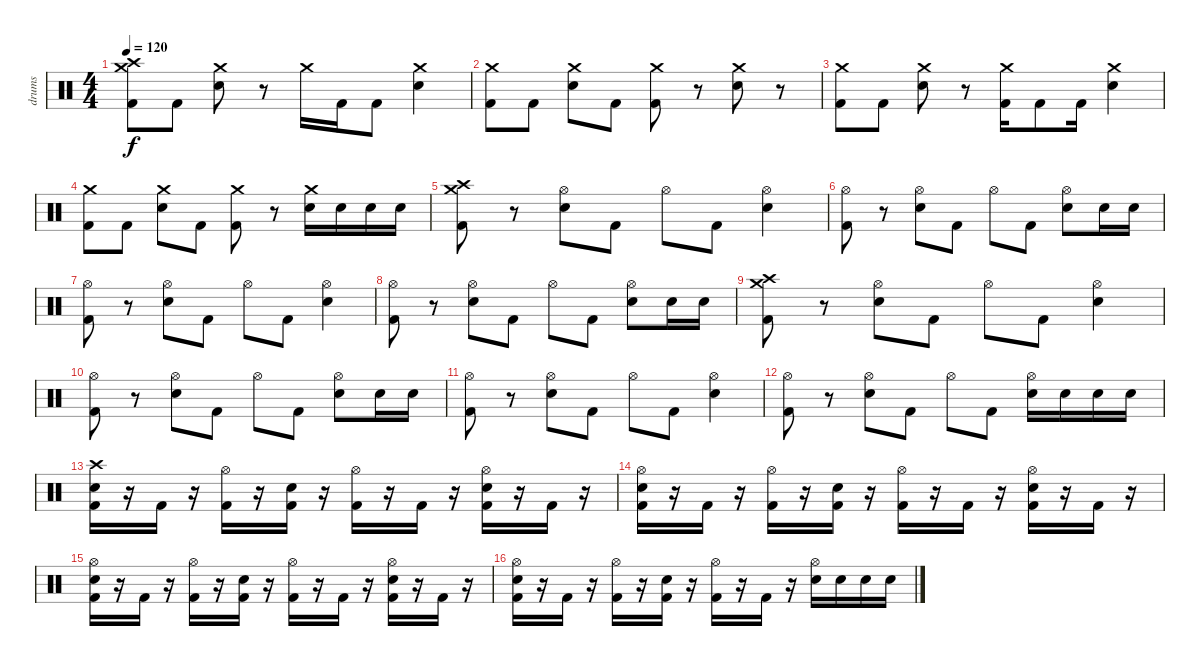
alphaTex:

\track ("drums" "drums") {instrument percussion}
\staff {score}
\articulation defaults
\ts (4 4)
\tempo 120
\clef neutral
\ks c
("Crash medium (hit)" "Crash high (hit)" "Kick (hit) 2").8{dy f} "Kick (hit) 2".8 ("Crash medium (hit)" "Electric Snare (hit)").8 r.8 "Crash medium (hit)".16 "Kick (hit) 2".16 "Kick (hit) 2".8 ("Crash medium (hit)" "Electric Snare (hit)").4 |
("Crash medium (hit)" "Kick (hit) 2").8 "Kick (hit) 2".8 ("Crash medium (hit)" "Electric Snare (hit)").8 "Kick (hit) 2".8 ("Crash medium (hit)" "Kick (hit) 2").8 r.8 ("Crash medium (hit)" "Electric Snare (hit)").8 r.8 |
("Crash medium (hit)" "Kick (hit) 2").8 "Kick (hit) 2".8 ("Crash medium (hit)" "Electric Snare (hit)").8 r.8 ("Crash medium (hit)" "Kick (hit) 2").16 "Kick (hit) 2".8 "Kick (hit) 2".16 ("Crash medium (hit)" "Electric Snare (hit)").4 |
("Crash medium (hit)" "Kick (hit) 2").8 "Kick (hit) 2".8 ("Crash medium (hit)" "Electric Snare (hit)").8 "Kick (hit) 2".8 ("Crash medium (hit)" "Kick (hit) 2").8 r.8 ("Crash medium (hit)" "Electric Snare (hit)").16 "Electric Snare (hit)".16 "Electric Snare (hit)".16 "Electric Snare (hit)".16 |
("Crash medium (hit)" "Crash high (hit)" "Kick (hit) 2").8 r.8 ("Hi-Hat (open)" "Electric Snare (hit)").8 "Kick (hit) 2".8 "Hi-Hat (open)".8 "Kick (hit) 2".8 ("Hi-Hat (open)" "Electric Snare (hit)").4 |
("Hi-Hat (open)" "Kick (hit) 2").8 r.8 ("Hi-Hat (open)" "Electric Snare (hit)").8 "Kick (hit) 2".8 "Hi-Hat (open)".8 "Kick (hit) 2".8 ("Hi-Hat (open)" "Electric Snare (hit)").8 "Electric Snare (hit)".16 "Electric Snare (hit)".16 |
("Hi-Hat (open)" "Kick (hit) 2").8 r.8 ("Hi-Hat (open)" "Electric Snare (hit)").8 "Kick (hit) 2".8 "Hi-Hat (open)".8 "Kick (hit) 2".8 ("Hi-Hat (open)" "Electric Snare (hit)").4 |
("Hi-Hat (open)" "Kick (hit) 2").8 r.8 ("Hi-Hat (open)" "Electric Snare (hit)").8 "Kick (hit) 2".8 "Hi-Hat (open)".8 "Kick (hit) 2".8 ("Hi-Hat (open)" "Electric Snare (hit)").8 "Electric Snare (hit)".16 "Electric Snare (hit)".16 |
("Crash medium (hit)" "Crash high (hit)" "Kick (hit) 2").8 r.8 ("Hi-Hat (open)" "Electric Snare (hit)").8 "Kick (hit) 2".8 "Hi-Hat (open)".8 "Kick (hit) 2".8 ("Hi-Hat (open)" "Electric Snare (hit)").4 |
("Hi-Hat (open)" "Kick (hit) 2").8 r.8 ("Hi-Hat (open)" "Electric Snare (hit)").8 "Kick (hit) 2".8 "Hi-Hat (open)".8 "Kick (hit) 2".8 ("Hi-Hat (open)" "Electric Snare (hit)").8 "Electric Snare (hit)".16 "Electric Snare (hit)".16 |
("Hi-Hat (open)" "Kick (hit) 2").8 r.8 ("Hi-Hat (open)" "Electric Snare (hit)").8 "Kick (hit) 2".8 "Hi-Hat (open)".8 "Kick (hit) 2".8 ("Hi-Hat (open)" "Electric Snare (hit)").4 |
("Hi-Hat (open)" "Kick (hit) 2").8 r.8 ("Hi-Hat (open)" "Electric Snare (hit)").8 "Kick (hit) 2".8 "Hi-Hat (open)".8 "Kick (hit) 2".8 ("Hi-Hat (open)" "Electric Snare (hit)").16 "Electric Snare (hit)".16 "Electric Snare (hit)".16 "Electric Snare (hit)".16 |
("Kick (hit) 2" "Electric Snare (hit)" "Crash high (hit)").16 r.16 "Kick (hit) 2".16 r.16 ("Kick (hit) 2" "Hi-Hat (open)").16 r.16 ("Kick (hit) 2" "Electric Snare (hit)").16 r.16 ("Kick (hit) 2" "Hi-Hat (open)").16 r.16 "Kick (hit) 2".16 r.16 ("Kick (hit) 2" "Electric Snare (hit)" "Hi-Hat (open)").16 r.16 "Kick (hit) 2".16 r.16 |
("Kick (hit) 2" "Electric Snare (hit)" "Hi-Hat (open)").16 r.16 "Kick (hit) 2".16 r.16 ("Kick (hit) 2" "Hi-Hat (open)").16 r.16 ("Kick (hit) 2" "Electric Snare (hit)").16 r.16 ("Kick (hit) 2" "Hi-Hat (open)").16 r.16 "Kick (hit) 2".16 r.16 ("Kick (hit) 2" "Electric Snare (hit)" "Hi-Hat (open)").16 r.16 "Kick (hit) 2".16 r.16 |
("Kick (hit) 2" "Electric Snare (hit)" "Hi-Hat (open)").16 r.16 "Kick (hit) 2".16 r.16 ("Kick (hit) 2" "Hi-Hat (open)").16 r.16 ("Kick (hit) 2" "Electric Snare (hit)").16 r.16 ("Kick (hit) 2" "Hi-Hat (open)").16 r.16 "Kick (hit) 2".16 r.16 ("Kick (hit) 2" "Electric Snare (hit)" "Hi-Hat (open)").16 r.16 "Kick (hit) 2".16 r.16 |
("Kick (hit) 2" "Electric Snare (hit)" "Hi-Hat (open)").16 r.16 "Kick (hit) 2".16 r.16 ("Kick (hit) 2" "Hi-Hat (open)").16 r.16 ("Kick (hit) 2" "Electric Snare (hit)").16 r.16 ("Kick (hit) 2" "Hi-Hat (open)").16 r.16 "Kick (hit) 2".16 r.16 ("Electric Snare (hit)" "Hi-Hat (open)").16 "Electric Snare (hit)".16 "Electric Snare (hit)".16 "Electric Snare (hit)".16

----------

Task prompt: Pull every line containing "Crash" out of the data above.

Written solution:
("Crash medium (hit)" "Crash high (hit)" "Kick (hit) 2").8{dy f} "Kick (hit) 2".8 ("Crash medium (hit)" "Electric Snare (hit)").8 r.8 "Crash medium (hit)".16 "Kick (hit) 2".16 "Kick (hit) 2".8 ("Crash medium (hit)" "Electric Snare (hit)").4 |
("Crash medium (hit)" "Kick (hit) 2").8 "Kick (hit) 2".8 ("Crash medium (hit)" "Electric Snare (hit)").8 "Kick (hit) 2".8 ("Crash medium (hit)" "Kick (hit) 2").8 r.8 ("Crash medium (hit)" "Electric Snare (hit)").8 r.8 |
("Crash medium (hit)" "Kick (hit) 2").8 "Kick (hit) 2".8 ("Crash medium (hit)" "Electric Snare (hit)").8 r.8 ("Crash medium (hit)" "Kick (hit) 2").16 "Kick (hit) 2".8 "Kick (hit) 2".16 ("Crash medium (hit)" "Electric Snare (hit)").4 |
("Crash medium (hit)" "Kick (hit) 2").8 "Kick (hit) 2".8 ("Crash medium (hit)" "Electric Snare (hit)").8 "Kick (hit) 2".8 ("Crash medium (hit)" "Kick (hit) 2").8 r.8 ("Crash medium (hit)" "Electric Snare (hit)").16 "Electric Snare (hit)".16 "Electric Snare (hit)".16 "Electric Snare (hit)".16 |
("Crash medium (hit)" "Crash high (hit)" "Kick (hit) 2").8 r.8 ("Hi-Hat (open)" "Electric Snare (hit)").8 "Kick (hit) 2".8 "Hi-Hat (open)".8 "Kick (hit) 2".8 ("Hi-Hat (open)" "Electric Snare (hit)").4 |
("Crash medium (hit)" "Crash high (hit)" "Kick (hit) 2").8 r.8 ("Hi-Hat (open)" "Electric Snare (hit)").8 "Kick (hit) 2".8 "Hi-Hat (open)".8 "Kick (hit) 2".8 ("Hi-Hat (open)" "Electric Snare (hit)").4 |
("Kick (hit) 2" "Electric Snare (hit)" "Crash high (hit)").16 r.16 "Kick (hit) 2".16 r.16 ("Kick (hit) 2" "Hi-Hat (open)").16 r.16 ("Kick (hit) 2" "Electric Snare (hit)").16 r.16 ("Kick (hit) 2" "Hi-Hat (open)").16 r.16 "Kick (hit) 2".16 r.16 ("Kick (hit) 2" "Electric Snare (hit)" "Hi-Hat (open)").16 r.16 "Kick (hit) 2".16 r.16 |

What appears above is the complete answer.